Dalam bagian sifat-sifat yang dihapus dengan istighfar ini, kita akan membahas sifat ketiga, yaitu mudah bereuforia.

Berhati-hatilah orang yang sedikit-sedikit bahagia. Mungkin kebanyakan dari kita menganggap bahwa ini bentuk syukur. Bisa jadi tidak demikian. Sudah sewajarnya, seseorang yang ingin mendekati Allah, senantiasa wasapada pada setiap langkahnya. Perjalanan menuju Allah diibaratkan kita tengah melintasi jalanan di malam gelap tanpa cahaya sedikit pun. Andai tak waspada, mungkin saja pada langkah berikutnya kita terjerumus ke dalam lubang dalam.
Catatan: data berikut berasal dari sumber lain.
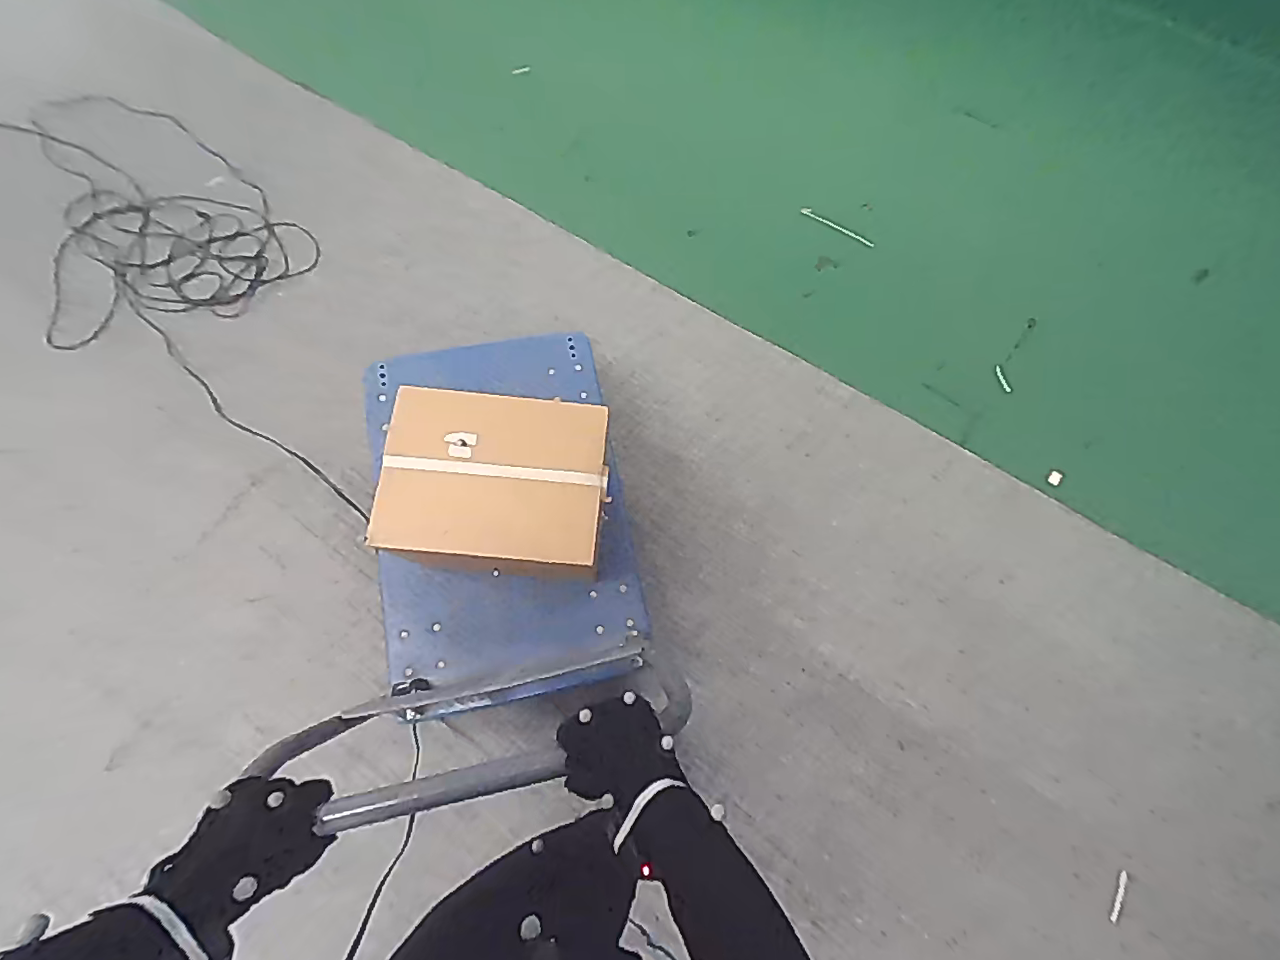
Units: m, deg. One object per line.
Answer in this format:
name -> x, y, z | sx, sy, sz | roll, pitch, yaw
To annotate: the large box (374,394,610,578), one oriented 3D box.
large box -> -0.272, 0.033, 1.143 | 0.408, 0.320, 0.320 | 4, 73, -1

Andai terlalu riang menghadapi jalan yang seakan lapang, bisa saja kelak tiba-tiba saja kita terguling jatuh oleh batu besar yang tak terlihat.

Seorang lelaki bernama Hikam, menyesal bahwa selama ini ia jauh dari Allah. Ajaran agama, dikerjakannya asal-asalan. Dipilihnya teman-teman yang memiliki perangai buruk. Kematian sang ayah membuat hidupnya berubah. Ia merasa ada yang hilang; dan pertaubatan adalah jalan yang paling tepat. Bergurulah ia pada guru sufi terkemuka di wilayahnya.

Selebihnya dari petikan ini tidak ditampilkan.